» **TASK ITEM**
From the listing below, copy only the lines from the line that contains "#8 van [169,194,176,201]" to the line that contains "The image spans 60.0° horizontally.", counting those two lines as part of the copy.
*** Begin section ***
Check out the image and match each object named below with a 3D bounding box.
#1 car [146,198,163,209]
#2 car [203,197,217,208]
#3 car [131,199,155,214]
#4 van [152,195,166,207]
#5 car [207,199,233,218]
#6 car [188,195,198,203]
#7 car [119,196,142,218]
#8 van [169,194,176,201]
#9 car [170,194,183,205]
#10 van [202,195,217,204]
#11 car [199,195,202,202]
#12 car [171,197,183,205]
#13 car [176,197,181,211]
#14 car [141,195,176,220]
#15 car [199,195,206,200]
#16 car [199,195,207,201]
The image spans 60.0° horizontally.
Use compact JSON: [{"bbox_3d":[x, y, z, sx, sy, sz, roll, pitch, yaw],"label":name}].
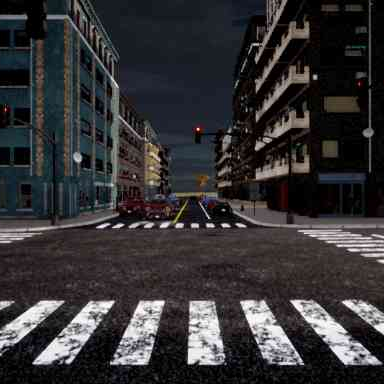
*** End section ***
*** Begin section ***
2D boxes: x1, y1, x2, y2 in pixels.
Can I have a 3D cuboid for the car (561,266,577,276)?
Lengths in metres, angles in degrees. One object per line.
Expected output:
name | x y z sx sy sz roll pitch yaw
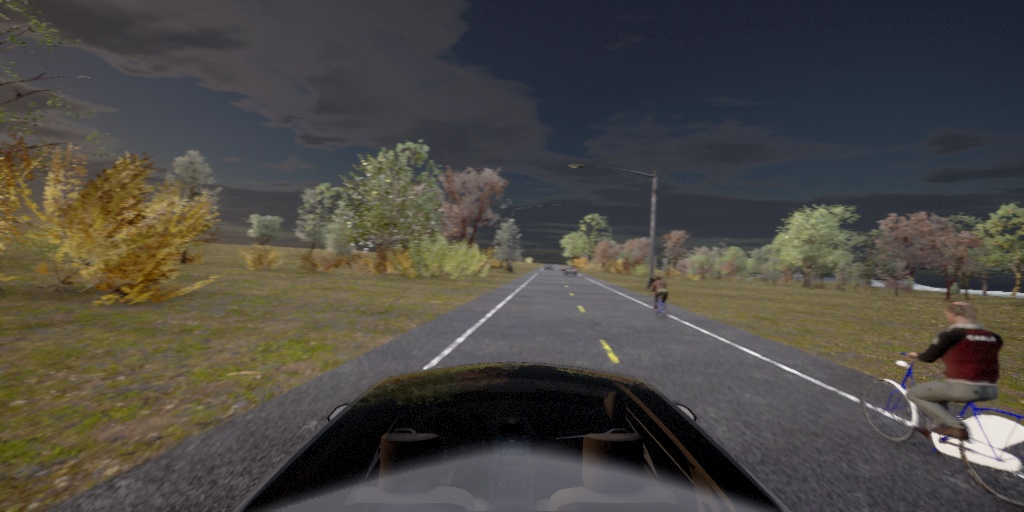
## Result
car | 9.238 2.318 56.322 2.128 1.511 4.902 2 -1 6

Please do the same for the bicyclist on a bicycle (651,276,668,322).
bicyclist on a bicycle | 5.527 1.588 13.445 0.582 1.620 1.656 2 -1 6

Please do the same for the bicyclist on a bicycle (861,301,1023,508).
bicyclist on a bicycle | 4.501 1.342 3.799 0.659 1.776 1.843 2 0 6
*** End section ***
» **ANSWER**
#8 van [169,194,176,201]
#9 car [170,194,183,205]
#10 van [202,195,217,204]
#11 car [199,195,202,202]
#12 car [171,197,183,205]
#13 car [176,197,181,211]
#14 car [141,195,176,220]
#15 car [199,195,206,200]
#16 car [199,195,207,201]
The image spans 60.0° horizontally.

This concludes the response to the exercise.